彼の死後、城は《協会》が所有して誰も入れないようになっているの。彼が残した記録もそのままになっているとしたら、なんらかの手がかりがあるかも」
フリーデが首に提げていたペンダントを外し、莫耶に渡す。よく見れば小さな《魔導回路》だった。

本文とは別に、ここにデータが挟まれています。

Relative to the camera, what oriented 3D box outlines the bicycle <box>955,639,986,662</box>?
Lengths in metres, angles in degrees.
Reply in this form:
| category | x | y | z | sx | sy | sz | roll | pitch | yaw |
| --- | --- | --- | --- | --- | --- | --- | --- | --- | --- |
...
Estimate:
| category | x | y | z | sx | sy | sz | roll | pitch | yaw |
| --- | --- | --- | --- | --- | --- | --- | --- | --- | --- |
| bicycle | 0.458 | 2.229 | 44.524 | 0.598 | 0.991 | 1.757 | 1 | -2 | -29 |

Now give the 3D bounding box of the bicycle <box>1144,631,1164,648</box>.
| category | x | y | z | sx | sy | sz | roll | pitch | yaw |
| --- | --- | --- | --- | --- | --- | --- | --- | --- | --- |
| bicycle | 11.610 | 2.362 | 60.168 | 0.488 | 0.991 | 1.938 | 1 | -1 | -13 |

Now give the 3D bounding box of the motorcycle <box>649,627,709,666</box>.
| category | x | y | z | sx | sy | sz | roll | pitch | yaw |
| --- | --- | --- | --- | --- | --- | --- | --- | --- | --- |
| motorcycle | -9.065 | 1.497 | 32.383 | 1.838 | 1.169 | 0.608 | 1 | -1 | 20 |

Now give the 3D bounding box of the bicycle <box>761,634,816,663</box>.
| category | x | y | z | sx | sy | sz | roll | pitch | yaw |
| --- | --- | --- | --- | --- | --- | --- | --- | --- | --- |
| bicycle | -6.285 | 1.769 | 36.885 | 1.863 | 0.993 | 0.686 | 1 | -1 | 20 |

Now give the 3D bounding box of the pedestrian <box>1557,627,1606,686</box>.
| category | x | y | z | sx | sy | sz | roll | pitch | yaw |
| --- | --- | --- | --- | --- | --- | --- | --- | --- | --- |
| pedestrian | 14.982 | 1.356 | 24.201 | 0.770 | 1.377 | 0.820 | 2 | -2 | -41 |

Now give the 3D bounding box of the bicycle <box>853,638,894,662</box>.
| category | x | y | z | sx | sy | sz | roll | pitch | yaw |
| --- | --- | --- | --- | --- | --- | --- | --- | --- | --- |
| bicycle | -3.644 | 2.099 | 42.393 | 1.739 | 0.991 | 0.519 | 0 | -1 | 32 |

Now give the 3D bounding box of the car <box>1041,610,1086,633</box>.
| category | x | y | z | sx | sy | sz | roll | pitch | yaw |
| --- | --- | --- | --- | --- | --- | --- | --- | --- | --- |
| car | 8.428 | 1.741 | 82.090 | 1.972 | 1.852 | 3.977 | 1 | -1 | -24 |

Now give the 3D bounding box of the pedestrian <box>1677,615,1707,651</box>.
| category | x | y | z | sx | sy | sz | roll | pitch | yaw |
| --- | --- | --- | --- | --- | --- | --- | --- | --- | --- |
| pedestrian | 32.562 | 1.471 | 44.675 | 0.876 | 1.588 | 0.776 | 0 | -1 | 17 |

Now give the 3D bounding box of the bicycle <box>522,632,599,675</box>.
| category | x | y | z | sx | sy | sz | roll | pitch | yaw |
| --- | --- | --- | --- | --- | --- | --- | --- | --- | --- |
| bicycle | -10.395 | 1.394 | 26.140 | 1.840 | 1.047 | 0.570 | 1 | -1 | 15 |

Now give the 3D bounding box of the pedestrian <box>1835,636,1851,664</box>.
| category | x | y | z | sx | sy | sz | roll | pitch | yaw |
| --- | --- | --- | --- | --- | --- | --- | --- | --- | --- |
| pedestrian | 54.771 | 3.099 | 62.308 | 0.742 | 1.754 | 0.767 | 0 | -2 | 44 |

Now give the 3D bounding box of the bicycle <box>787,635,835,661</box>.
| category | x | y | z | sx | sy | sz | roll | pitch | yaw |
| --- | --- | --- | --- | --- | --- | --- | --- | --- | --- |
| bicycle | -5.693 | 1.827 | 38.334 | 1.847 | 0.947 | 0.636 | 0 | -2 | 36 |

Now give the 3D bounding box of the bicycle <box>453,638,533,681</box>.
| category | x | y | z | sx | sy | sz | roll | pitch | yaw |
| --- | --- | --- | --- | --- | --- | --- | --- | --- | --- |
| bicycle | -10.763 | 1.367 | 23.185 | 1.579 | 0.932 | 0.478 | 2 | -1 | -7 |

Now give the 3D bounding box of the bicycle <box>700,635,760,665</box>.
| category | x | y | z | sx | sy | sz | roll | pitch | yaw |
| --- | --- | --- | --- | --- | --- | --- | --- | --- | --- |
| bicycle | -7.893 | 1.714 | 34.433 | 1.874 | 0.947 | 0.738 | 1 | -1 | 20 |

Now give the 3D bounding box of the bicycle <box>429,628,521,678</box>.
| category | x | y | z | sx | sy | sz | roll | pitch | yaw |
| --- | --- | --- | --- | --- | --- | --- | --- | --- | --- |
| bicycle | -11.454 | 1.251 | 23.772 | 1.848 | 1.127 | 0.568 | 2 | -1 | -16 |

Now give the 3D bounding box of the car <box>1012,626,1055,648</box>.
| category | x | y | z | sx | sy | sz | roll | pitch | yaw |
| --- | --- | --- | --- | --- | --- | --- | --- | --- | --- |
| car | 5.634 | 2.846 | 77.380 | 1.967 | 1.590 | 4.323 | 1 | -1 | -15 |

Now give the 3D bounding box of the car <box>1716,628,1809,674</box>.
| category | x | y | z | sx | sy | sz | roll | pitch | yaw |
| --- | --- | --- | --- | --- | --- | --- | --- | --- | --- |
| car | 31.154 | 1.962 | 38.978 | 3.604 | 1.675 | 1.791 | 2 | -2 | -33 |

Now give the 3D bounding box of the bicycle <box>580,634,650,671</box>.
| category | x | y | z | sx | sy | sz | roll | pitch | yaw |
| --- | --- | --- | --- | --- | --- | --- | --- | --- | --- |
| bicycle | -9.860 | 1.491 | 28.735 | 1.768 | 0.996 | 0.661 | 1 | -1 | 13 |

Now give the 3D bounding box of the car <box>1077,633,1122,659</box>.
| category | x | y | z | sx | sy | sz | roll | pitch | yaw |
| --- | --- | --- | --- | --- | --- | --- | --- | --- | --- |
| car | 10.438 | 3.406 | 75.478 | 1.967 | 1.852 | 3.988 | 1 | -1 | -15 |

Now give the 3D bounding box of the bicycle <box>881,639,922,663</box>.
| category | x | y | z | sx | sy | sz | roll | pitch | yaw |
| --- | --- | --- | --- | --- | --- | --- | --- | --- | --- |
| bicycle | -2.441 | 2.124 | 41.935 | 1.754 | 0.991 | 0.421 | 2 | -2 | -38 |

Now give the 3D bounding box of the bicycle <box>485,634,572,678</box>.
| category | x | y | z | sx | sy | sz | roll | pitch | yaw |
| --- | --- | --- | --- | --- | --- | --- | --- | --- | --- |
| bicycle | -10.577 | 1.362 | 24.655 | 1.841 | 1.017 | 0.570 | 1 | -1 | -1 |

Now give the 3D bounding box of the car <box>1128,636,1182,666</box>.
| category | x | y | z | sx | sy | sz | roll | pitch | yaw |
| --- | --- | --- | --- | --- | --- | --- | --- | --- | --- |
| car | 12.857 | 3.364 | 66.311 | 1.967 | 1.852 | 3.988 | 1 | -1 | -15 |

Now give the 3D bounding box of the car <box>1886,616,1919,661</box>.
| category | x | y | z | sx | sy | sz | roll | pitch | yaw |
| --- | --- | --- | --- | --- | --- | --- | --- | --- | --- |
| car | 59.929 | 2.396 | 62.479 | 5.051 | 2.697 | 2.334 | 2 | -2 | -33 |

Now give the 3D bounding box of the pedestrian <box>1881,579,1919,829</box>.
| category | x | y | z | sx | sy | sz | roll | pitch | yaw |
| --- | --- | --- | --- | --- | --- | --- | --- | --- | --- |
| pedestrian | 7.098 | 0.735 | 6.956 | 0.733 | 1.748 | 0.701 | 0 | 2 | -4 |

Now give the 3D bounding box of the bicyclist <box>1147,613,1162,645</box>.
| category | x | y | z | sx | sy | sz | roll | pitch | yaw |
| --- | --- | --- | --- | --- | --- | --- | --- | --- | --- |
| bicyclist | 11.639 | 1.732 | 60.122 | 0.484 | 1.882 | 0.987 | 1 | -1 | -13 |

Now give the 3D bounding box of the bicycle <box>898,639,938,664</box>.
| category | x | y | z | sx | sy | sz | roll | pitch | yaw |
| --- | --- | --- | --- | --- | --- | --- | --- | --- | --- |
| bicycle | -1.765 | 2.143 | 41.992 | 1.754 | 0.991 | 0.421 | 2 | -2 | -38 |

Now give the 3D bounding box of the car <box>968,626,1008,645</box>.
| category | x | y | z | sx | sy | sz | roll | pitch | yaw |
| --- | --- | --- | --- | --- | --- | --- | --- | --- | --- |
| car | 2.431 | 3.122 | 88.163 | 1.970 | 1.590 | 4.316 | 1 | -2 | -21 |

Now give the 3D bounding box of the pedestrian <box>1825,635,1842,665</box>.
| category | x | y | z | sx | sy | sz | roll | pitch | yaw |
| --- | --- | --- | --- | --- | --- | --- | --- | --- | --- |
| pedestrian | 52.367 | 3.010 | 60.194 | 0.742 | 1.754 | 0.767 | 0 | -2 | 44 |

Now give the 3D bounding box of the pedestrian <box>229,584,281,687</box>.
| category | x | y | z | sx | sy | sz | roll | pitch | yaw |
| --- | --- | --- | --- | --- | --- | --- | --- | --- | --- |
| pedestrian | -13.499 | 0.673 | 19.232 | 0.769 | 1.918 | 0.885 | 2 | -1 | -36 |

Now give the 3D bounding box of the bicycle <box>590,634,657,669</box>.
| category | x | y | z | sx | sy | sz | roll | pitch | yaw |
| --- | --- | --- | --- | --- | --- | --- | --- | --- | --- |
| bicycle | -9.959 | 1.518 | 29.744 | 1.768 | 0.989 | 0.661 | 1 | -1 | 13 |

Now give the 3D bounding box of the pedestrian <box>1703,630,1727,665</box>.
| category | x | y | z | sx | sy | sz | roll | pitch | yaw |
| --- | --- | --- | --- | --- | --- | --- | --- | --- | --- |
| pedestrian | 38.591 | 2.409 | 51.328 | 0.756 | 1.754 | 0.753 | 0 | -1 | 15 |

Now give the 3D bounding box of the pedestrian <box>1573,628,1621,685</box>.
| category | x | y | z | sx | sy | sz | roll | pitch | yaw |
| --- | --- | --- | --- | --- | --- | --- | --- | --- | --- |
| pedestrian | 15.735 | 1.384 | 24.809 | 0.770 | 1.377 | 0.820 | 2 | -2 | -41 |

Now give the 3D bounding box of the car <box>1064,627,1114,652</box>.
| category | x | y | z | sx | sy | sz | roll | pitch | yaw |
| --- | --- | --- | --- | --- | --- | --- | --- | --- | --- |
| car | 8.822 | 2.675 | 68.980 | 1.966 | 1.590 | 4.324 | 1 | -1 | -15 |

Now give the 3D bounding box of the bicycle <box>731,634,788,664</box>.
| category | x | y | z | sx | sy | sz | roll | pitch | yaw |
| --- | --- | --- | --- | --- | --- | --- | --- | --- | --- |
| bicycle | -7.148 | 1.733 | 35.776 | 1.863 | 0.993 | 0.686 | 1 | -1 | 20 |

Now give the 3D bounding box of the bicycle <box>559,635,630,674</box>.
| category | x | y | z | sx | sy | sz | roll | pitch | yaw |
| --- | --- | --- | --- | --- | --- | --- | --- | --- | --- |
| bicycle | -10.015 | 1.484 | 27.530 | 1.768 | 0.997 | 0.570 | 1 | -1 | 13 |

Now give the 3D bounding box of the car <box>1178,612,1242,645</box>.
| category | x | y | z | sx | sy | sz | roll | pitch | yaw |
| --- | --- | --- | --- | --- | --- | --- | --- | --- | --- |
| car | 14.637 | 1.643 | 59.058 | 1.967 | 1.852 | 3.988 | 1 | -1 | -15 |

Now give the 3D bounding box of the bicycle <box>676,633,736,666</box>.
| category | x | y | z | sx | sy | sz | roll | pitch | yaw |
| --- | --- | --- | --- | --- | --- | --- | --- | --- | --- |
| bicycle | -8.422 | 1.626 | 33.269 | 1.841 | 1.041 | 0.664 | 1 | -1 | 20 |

「ふうむ、しかしそのなんとかっていう城は、おいそれと行ける場所ではないのだろう」
「城は廃城になっているけど、近くに皇国軍の拠点があるの。城も皇国軍の監視下に置かれていて、しかも魔導装甲が城門に配置されている。中に入るのは至難の業でしょうね」
「それだけ厳重な警備ということは、よほどのなにかが、城にあると考えるべきか」
「そう考えるのが妥当でしょう。それに城の見取り図が入っている。古いけどそれほど大きな変更はないはず。あとは付近の地形と、拠点にいる皇国軍の情報ね」
「おそらく城は魔法で封じられている。妾でも侵入は難しいだろう」
莫耶は思案顔で腕を組んだ。
「おぬし、その情報源はなにか言っていなかったのか」
「方法がないわけじゃない――と。でも今はまだ……」
「さようか」
バスケットを下げたトーマがカートたちととこちらへ向かってくる。表情は晴れ晴れとして、昨日とはまるで別人だ。

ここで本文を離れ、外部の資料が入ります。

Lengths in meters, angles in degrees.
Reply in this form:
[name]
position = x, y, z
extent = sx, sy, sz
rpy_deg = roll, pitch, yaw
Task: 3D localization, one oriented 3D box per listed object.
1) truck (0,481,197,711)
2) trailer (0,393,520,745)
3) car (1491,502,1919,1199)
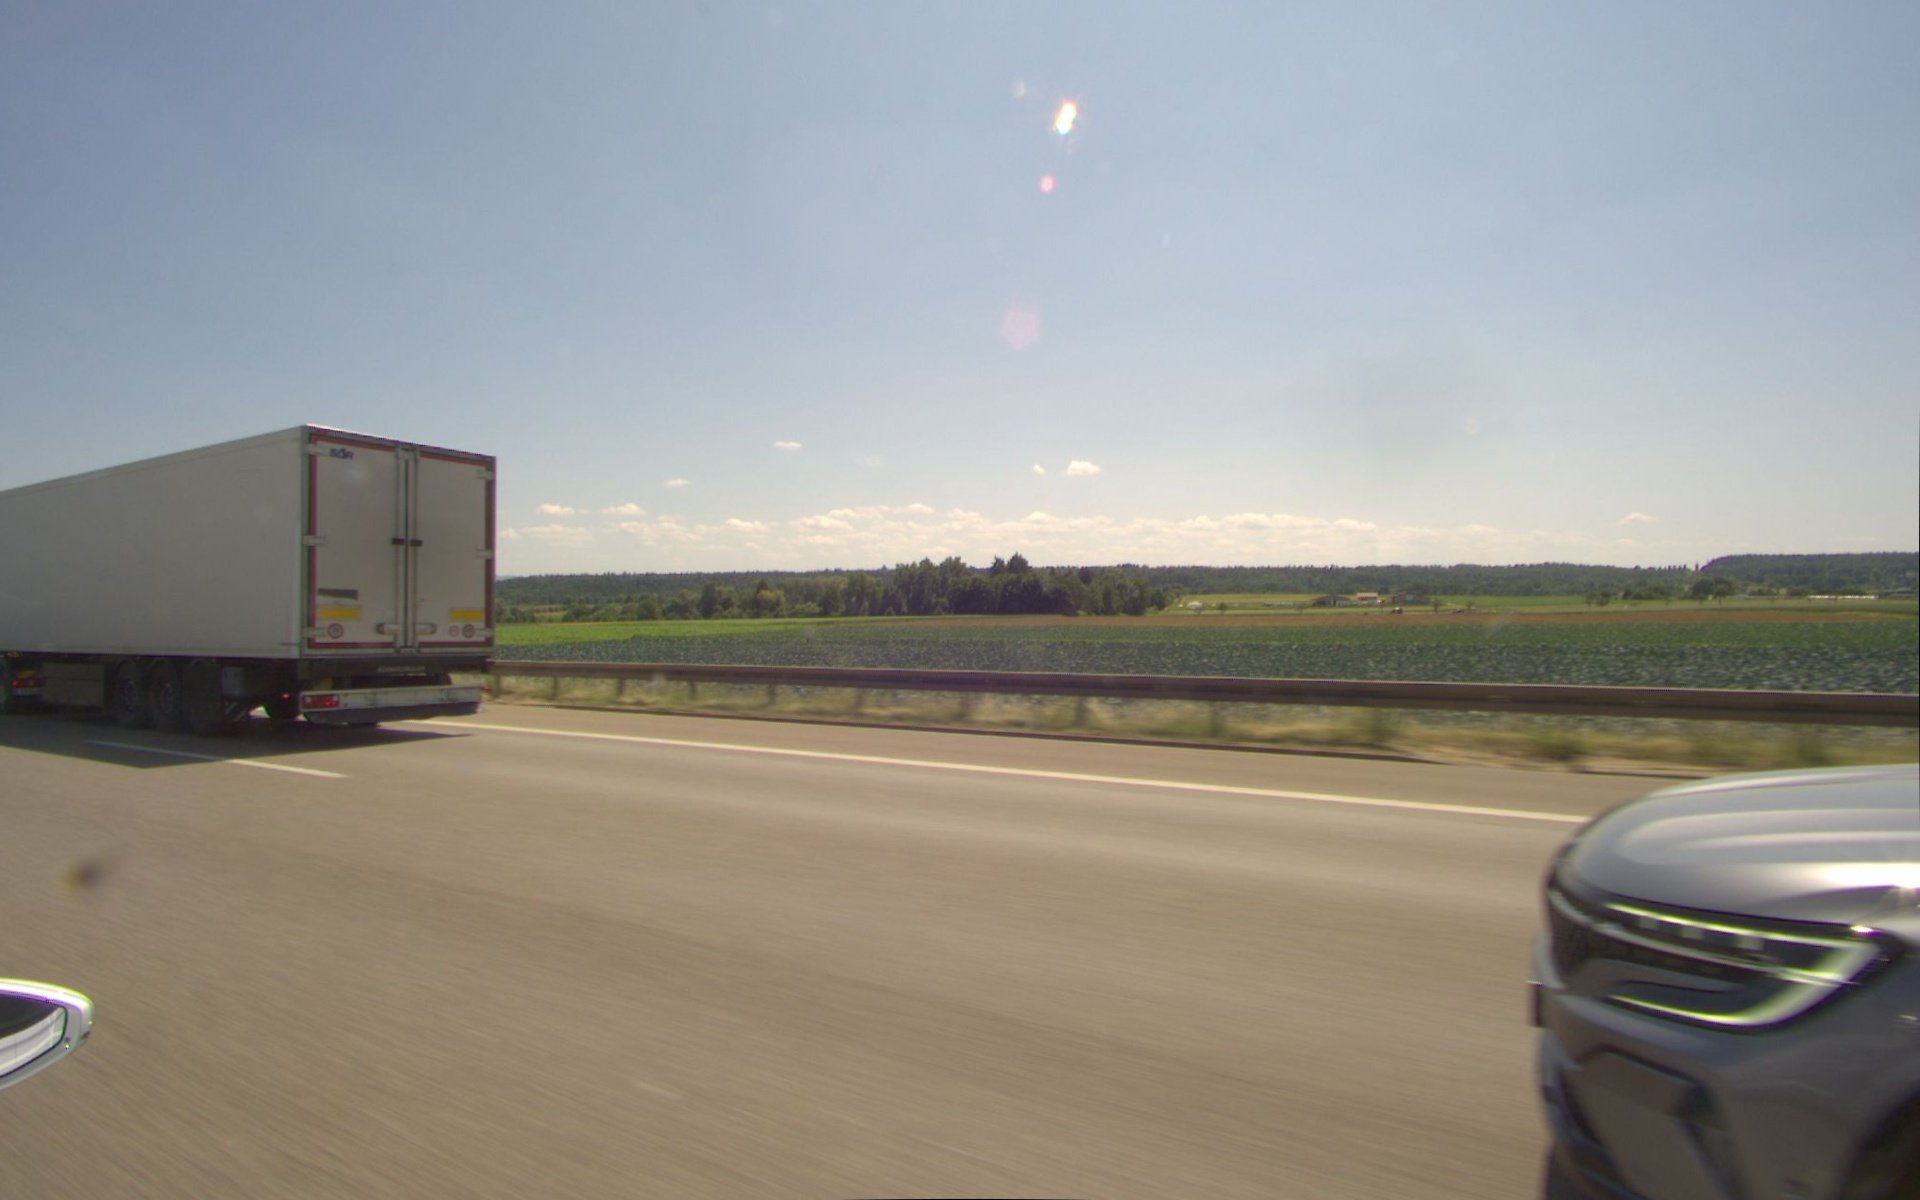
[truck]
position = -19.224, 0.058, 21.035
extent = 6.781, 4.143, 2.858
rpy_deg = -1, -2, 32
[trailer]
position = -12.697, -0.176, 16.885
extent = 13.106, 4.273, 2.863
rpy_deg = -2, -2, 33
[car]
position = 3.466, 0.673, 1.557
extent = 4.577, 1.670, 1.848
rpy_deg = -1, -1, 32

「まあ、あやつも悩みが吹っ切れたようでなにより。さ、難しい話はこれまで、酒じゃ酒じゃ」
酒瓶を抱えひらりと飛び上がると、手すりを蹴って屋根へと上がる。
「おお、良い眺めじゃ、なんとも風情なことよ」
ゆるやかな風が東屋を通り抜ける。
「莫耶、つまみを持ってきたよ」
「やれやれやっと着いたぜ。まったく若い奴は……」
「なによ、二人の邪魔をするなって言ったのはカートじゃない」
「お嬢さま、お帽子を」
クラリスが差し出した帽子を取ってかぶり、フリーデはかすかに微笑んだ。
* * *
ケンペレン家の次男アンドレアスが失踪したのは、それから五日後のことである。